I disturbi dell’alimentazione sono patologie complesse i cui sintomi si esprimono su più livelli (psichico, fisico, alimentare), rendendo necessario un approccio diagnostico e terapeutico multidisciplinare (Apa2006 Nice, 2017).

Questo richiede l’attivazione di un team specialistico multiprofessionale che includa psichiatra o neuropsichiatra infantile, psicoterapeuta, medici con competenze nutrizionali (specialistica in scienze dell’alimentazione internista, pediatra endocrinologo) e figure professionali specifiche quali dietisti, educatori tecnici della riabilitazione psichiatrica, fisioterapisti e infermieri in grado di operare secondo un modello integrato, ovvero di “Rete” (P Colamonico 20017).

La “Rete” è probabilmente la metafora più usata per indicare un insieme di unità (professionisti o enti) che operano e lavorano in modo autonomo e interconnesso. Le interconnessioni rappresentano le maglie della Rete, mentre i nodi sono le attività svolte dai singoli.

Ogni singolo nodo si intende le interazioni con gli altri; ogni singolo nodo influenza l’operosità degli altri; e allo stesso tempo, ne viene influenzato.

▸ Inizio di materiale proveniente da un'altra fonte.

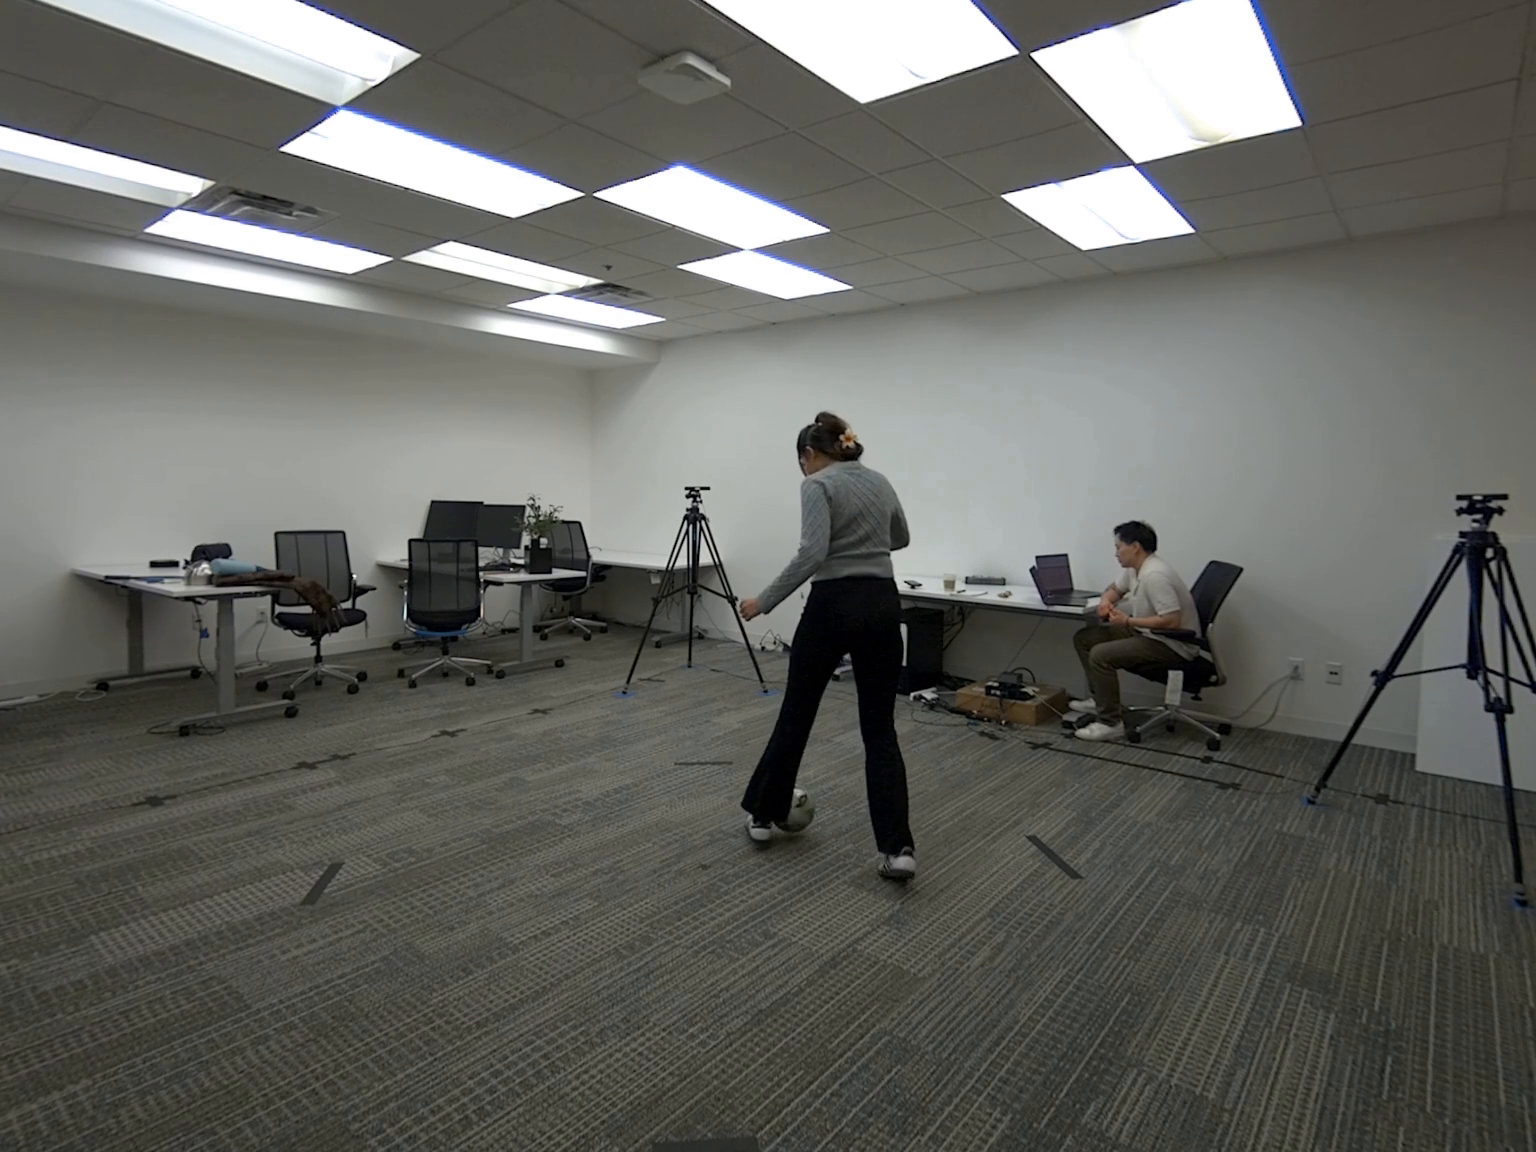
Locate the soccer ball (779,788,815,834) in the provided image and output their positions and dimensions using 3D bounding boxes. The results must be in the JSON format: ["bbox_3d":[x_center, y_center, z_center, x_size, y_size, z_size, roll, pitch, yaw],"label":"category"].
[{"bbox_3d":[0.103,0.934,3.399,0.187,0.187,0.188,1,4,-2],"label":"soccer ball"}]
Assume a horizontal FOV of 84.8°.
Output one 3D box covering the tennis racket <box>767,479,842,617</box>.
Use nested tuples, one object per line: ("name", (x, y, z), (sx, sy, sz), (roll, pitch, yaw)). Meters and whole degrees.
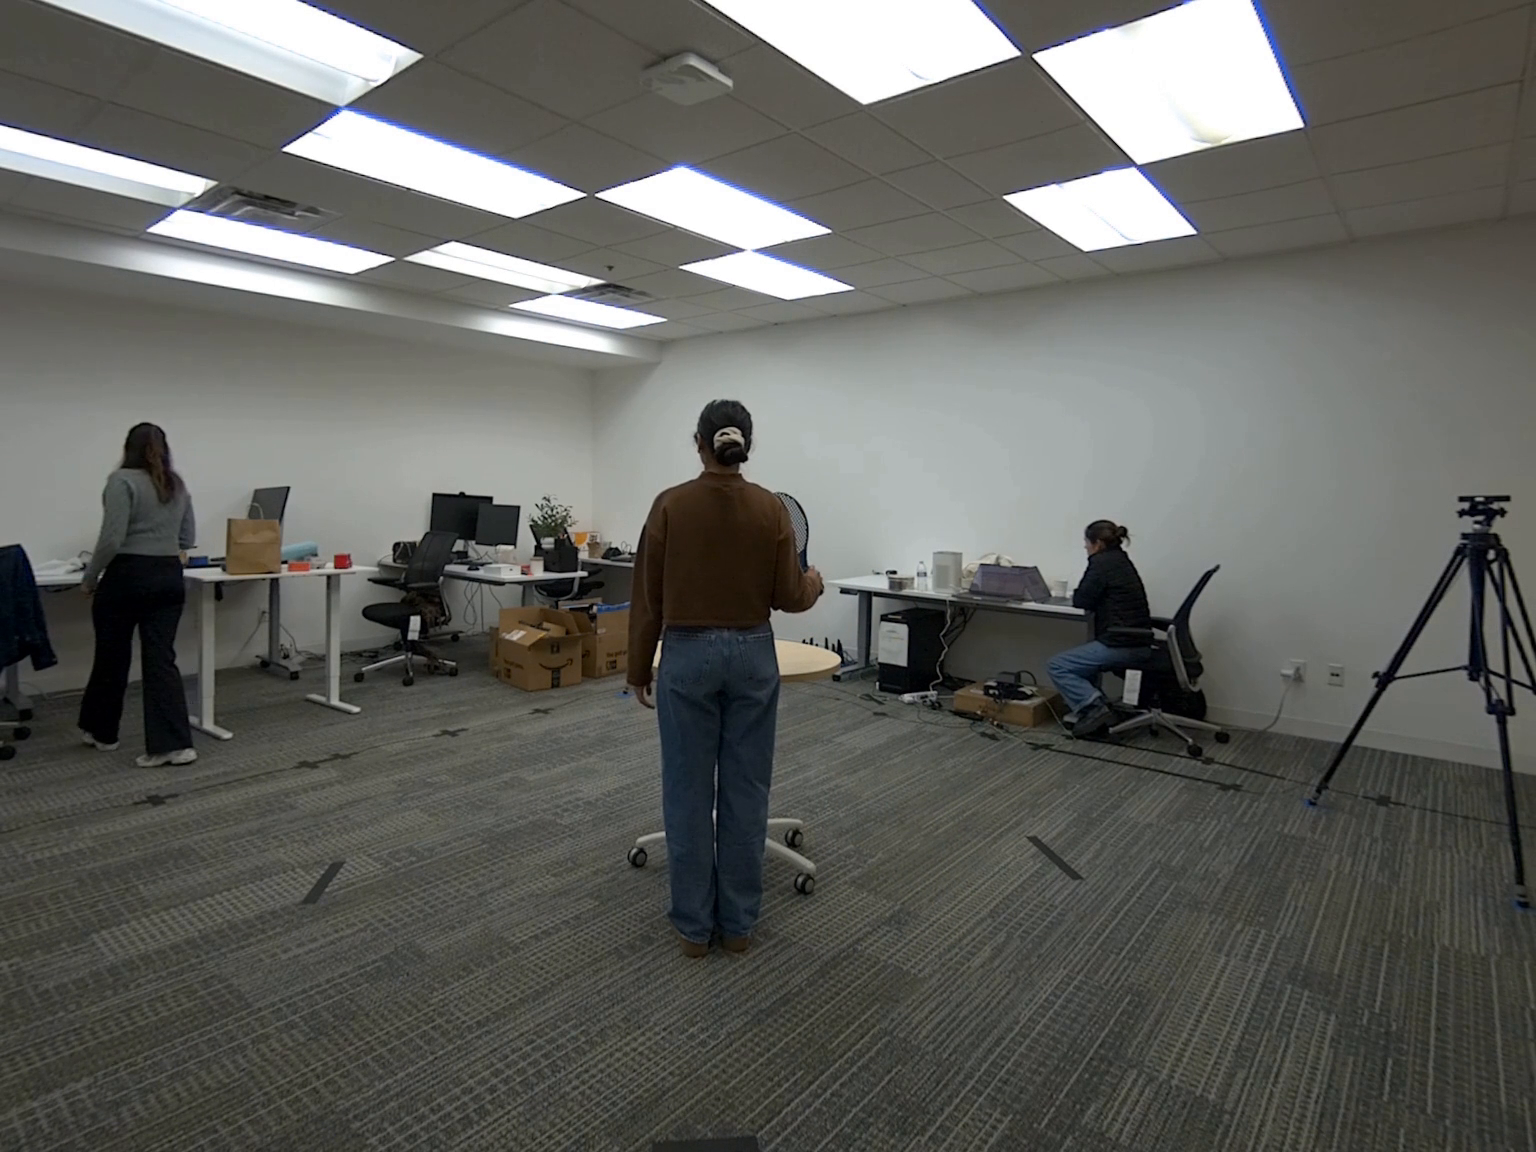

L’ autonomia di cui godono i professionisti di ciascuna unità, lungi dall’ indurla a chiudersi in un lavoro in solitudine, è proprio ciò che li incoraggia ad aprirsi ed andare alla ricerca di continui contatti e scambi. Il lavoro di Rete è pertanto, l’insieme degli interventi di connessioni di risorse e strategie tesi a produrre concatenazioni di relazioni significative e finalizzate a migliorare il benessere delle persone e della collettività. (Zilianti, Rovai, 2014). In altre parole, la Rete può essere intesa come un prodotto naturale del vivere sociale che suggerisce all’ operatore strategie funzionali all’ analisi e alla comprensione della realtà, conducendola allo sviluppo di collegamenti e legami tra competenze diverse. La Rete rappresenta quindi un agire partecipato in cui intervengono

  • Disponibilità e capacità di creare nodi più saldi
  • Connessioni e scambi reciproci

Una tale prospettiva di lavoro comune ed “ecologica “porterà auspicabilmente, a interventi più efficaci e risolutivi (Ferrario, 2009). Se dunque il lavoro di Rete consiste nel soddisfare una necessità o nel raggiungere un obiettivo attraverso la creazione di legami e di sinergie tra vari tipi di risorse, è necessario che gli operatori (offerta). È altresì necessario tenere conto del contesto (familiare, sociale e istituzionale) cui l’intervento si svolgerà nonché delle risorse formali e informali disponibili.